How to Determine Your Retirement Asset Allocation

Anyone else go through the most intense candy/chocolate cravings? And then spend 20 minutes procrastinating and looking at organic chocolate on Amazon?

Budgeting is hard. How do you figure out how much to spend on chocolate when you’re hit with a craving? And how do you decide how much dark, organic “healthy” chocolate to buy vs. Toblerone? Deep life questions.

Like chocolate, there’s lots of different financial assets. How do you decide which assets to hold in a retirement account? How do you decide how much to invest in bonds vs. stocks? Should some stay in cash?

In the finance biz, this is called asset allocation. It means how much money should be divided between different items, or assets, in a portfolio.

Our Old Enemy, Inflation

Looming inflation is one reason it’s important to invest your cash. As prices rise, our money’s value declines. Meaning the money in your savings won’t afford you as much in the future. Basic investing tactics says to make a return that’s better than the current inflation rate. That’s where stocks, mutual funds, and ETFs come in. These investment assets offer the most potential for a high return on investment, especially over a long-term approach.

But there’s no denying stocks are risky. Despite the historical positive returns of the S&P 500 over time, there is always a chance the markets tank for multiple years in a row. Given today’s media environment and how that drives the market, anything seems possible. So how do we protect our hard-earned dollas?

bond market_hippo

A tubby hippo snorts loudly.

Oh, hey there, bond market.

Dedicating part of your portfolio to bond investments helps lessen the market risk of your retirement money. Although bonds traditional receive lower returns than stocks, they are safer and provide a steady income. For example, U.S. Treasury bonds are generally thought to be a safe and liquid investment that will earn you a higher return than keeping all your money in cash.

The older you are, the more appeal bond investments have, as they are less risky investments.

Risk and Age Assessments

When buying chocolate, there’s a risk to trying something new. What if you hate it?

Let’s say you’ve never met a chocolate you didn’t like. Your chocolate risk tolerance is high.

If your investment risk tolerance is high, it means you are open to a wide range of investments, including more volatile ones.

When making your retirement account’s asset allocation percentages, personal risk tolerance plays a big factor. Stocks are volatile, bonds are less so.

Age also matters for asset allocation.
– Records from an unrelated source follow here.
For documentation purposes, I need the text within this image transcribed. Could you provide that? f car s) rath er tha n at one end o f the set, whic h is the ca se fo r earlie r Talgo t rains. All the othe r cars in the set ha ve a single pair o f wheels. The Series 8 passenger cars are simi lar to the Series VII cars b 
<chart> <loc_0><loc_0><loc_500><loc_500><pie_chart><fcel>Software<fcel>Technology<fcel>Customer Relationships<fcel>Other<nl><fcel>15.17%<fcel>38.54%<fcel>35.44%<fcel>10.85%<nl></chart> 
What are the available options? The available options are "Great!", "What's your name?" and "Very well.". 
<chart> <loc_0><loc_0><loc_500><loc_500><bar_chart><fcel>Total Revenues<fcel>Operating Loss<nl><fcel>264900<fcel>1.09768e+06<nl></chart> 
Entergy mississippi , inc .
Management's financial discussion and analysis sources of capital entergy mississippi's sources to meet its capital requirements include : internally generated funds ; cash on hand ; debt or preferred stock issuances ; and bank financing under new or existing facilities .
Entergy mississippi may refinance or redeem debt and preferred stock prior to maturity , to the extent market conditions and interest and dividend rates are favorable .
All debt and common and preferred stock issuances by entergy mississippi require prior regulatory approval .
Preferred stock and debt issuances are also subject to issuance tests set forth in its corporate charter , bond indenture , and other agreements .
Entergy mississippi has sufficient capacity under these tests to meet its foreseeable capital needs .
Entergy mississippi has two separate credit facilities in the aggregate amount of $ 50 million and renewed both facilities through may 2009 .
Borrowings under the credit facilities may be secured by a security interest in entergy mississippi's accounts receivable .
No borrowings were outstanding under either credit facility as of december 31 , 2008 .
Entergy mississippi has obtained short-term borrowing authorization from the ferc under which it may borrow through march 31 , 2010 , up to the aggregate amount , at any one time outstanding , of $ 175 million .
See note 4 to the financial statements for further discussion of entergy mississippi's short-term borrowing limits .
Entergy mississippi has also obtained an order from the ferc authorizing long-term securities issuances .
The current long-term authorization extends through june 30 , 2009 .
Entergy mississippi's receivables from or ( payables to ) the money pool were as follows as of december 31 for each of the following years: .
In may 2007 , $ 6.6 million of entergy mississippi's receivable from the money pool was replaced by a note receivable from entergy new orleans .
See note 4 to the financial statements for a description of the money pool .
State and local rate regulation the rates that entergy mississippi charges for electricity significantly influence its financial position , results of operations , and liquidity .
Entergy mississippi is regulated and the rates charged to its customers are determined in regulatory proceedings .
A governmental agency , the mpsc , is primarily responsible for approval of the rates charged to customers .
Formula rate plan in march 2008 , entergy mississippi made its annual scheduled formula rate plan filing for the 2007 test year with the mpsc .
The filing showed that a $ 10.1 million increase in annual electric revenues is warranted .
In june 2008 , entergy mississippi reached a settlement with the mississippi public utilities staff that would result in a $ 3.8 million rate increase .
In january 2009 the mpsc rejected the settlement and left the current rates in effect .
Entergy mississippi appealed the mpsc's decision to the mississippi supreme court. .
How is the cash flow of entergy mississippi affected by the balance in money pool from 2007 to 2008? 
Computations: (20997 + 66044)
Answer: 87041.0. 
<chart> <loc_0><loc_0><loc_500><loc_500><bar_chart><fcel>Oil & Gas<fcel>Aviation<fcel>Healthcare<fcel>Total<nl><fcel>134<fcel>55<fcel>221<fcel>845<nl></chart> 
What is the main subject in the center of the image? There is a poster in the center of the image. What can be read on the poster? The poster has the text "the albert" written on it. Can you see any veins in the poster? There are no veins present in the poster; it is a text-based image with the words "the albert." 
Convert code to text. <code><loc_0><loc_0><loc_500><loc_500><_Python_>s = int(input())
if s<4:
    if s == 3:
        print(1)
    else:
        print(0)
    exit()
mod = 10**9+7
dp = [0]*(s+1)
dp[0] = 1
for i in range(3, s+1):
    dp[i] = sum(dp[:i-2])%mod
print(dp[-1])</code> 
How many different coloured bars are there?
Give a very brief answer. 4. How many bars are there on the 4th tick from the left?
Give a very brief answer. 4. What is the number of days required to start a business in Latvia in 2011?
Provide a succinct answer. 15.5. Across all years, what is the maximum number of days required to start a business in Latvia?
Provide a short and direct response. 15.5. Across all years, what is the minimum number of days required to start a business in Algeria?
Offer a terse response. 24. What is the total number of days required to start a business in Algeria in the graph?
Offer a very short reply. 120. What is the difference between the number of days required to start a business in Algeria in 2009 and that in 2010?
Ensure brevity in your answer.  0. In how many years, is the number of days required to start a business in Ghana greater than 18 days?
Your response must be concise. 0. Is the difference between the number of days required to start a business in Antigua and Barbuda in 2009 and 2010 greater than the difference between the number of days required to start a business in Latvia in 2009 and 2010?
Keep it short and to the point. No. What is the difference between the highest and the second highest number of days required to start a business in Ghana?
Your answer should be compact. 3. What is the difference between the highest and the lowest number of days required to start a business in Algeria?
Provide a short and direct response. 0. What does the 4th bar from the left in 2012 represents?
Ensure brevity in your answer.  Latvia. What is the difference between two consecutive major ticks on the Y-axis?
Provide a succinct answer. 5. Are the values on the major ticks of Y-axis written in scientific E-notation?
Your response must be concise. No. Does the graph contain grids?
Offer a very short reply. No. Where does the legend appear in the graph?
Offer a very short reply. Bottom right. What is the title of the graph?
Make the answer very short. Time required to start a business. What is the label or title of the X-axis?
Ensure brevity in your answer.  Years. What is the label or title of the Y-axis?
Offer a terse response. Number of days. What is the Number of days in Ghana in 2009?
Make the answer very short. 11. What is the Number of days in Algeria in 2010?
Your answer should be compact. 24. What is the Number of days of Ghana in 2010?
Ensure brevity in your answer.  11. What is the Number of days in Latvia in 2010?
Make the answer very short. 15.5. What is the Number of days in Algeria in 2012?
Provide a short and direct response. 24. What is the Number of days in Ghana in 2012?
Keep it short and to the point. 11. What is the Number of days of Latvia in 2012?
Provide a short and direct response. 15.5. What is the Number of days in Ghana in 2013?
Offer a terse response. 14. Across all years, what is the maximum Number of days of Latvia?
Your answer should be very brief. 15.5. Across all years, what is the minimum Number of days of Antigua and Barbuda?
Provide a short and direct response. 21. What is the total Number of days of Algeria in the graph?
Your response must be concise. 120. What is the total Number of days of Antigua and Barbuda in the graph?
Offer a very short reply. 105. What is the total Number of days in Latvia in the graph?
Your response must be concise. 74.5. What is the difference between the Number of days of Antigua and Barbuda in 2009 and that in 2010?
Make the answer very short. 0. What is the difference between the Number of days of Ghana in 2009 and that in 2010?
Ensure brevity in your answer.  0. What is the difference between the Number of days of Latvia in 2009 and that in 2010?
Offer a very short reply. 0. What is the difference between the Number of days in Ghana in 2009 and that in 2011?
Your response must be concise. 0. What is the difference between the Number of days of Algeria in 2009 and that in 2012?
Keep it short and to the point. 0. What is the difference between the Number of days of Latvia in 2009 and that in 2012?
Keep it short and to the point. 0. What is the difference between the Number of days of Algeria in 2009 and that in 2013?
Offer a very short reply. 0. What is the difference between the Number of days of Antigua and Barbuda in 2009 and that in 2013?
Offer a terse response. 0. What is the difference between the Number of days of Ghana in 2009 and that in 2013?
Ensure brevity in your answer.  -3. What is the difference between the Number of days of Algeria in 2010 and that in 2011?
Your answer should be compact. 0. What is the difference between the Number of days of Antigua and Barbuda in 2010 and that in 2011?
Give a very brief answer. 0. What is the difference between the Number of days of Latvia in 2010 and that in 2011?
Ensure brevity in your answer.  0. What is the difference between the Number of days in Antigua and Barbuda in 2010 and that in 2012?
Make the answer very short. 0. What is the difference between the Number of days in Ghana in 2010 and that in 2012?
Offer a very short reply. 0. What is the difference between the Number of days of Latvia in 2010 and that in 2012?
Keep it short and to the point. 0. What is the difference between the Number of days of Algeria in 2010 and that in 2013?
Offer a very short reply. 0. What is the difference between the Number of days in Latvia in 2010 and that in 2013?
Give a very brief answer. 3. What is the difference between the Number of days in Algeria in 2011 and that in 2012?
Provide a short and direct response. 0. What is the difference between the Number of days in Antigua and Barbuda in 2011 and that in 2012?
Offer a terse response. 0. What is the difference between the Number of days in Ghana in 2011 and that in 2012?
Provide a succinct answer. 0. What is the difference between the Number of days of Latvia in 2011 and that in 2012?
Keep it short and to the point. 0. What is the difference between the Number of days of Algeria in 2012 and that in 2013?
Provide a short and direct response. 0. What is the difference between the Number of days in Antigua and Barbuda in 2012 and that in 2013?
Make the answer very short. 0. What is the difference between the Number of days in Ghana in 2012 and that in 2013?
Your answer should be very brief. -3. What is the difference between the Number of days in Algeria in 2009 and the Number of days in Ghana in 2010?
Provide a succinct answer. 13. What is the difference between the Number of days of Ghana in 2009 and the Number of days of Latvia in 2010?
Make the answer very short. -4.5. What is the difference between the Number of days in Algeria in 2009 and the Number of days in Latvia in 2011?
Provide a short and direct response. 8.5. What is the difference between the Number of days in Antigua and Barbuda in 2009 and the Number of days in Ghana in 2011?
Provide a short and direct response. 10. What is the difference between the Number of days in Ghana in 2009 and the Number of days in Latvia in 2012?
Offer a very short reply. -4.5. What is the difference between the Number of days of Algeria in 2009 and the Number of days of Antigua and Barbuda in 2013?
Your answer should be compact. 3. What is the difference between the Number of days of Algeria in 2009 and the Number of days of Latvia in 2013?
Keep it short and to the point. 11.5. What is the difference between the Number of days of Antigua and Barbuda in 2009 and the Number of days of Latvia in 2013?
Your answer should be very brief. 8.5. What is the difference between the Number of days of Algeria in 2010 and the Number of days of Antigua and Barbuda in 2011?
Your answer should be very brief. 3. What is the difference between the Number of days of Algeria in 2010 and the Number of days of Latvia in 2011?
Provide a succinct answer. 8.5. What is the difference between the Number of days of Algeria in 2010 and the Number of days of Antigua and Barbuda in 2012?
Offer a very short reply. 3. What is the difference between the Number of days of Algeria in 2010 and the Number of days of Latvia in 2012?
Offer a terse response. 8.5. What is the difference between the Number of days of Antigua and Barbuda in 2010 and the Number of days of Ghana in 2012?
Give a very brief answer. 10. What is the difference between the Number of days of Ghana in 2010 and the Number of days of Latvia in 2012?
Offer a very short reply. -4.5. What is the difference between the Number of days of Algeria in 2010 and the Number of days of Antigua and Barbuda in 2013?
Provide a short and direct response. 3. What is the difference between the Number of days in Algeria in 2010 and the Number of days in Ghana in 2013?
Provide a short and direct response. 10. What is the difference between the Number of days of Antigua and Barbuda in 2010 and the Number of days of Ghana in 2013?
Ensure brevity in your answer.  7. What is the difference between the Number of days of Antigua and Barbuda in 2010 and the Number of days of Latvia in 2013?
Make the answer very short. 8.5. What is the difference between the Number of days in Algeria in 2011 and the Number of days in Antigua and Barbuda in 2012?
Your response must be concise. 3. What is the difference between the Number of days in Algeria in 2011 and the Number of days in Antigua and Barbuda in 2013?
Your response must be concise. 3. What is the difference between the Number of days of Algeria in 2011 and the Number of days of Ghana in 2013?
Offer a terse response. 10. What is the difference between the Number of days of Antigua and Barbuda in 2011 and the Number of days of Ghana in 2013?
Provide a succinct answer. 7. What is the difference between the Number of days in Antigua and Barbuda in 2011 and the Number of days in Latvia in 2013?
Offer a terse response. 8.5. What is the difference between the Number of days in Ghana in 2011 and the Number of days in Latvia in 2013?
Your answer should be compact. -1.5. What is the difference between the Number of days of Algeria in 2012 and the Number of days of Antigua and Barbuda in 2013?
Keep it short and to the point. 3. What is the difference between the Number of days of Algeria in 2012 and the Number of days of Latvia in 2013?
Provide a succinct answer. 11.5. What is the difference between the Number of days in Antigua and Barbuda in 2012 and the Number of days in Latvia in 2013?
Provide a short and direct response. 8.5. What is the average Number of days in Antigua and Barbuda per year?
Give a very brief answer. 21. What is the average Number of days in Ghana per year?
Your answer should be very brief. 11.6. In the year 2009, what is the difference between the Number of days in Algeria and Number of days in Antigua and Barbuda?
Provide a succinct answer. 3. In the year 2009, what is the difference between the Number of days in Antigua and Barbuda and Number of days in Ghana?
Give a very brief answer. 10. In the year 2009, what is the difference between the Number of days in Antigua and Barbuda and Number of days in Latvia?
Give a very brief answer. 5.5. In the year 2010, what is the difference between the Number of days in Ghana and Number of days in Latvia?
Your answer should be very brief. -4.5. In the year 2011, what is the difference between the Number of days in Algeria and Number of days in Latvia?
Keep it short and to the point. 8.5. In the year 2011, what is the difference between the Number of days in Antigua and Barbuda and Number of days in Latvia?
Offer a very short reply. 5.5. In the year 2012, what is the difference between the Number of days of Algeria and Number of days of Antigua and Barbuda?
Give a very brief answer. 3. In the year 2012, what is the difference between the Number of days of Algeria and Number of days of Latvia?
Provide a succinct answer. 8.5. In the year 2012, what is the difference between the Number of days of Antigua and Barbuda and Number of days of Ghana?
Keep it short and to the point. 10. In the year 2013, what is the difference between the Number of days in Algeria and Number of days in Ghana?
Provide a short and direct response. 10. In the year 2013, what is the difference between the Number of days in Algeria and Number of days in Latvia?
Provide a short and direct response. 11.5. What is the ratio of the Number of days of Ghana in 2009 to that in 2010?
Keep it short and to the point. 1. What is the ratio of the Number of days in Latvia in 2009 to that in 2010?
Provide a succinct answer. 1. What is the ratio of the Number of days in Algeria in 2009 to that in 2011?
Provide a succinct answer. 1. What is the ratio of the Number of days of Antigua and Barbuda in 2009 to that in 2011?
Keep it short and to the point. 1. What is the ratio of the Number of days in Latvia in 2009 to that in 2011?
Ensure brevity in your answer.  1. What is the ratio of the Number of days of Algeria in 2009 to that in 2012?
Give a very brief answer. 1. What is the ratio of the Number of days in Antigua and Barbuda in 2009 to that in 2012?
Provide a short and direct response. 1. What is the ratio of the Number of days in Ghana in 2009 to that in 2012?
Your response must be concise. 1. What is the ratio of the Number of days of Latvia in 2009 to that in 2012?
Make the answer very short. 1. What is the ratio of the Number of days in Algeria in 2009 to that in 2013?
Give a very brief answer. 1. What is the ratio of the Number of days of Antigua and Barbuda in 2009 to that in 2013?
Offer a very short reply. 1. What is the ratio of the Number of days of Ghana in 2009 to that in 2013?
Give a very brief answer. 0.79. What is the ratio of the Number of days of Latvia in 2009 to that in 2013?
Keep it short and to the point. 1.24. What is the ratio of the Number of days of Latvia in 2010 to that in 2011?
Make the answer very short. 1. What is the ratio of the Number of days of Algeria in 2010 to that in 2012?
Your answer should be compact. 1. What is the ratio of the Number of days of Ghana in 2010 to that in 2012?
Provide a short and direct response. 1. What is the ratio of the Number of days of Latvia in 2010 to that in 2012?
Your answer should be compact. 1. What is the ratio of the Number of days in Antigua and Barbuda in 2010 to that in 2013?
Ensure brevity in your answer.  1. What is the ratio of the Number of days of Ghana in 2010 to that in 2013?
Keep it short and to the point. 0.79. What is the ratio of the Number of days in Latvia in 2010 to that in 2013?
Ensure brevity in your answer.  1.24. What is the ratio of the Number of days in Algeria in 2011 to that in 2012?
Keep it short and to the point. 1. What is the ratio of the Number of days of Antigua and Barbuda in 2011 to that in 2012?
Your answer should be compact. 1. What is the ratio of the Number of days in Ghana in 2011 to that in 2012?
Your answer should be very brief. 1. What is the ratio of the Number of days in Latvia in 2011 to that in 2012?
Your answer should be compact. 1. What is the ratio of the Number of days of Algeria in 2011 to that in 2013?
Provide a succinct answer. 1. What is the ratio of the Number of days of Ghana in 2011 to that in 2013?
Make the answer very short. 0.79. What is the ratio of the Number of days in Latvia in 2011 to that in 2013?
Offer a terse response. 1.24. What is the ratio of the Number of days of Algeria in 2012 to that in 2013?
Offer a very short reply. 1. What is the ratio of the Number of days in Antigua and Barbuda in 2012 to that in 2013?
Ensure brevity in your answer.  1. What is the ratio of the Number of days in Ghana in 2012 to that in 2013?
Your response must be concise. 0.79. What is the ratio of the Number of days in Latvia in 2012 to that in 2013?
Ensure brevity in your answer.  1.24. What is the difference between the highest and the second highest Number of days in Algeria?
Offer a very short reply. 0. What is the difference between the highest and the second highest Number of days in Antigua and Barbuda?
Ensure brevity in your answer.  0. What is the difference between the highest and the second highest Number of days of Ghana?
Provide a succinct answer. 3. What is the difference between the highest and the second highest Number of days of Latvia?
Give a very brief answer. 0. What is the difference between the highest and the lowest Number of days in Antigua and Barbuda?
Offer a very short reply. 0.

A 30-year-old shouldn’t have same asset allocation as a 70-year-old. As a rule of thumb, the older you are, the less risky stocks you should own. Because if the market tanks (#2008), you have less time to make back that money. A 70-year-old also needs her retirement money more immediately.

Gimme the Good Stuff

Alright, we’ve cracked the nut on asset allocation basics. Time to get to the gooey center: how to determine your own asset allocation split.

There’s no one-size-fits-all for asset allocation, but some people have tried. As a starting point, some say subtract your age from 100 or 110 to determine a rough estimate of the percent stocks to own. For the 30-year-old, this would be 70%-80% (110 – 30 = 80 or 100 – 30 = 70). The other 20%-30% would go into bonds or other fixed-income assets. This calculation might be the perfect fit for you, or you might need to reduce or increase stocks exposure on your risk tolerance and personal circumstance.

Also, think about what age you want to retire and how much money you need at that age. Here’s a handy retirement calculator to help you figure that out.

About every six months or once a year, reassess your asset allocation and make sure you’re still where you want to be. As stock and bond prices go up and down, funky things happen to your percentages, possibly giving your portfolio more or less exposure than you’d like.

RECAP

Buying chocolate means tough choices. Same goes for retirement investing. There are lots of options for things to buy, and it’s hard to know where to sink your money.

Asset allocation: How much money to put towards stocks vs. bonds in a portfolio

Figuring out what percent to allocate towards bonds and stocks is the first step. Taking your age and risk tolerance into account, you can use the 100/110 rule to as a guideline to finding the right number. A general rule is the younger you are, the higher your risk tolerance should be.

Happy investing and chocolate eating.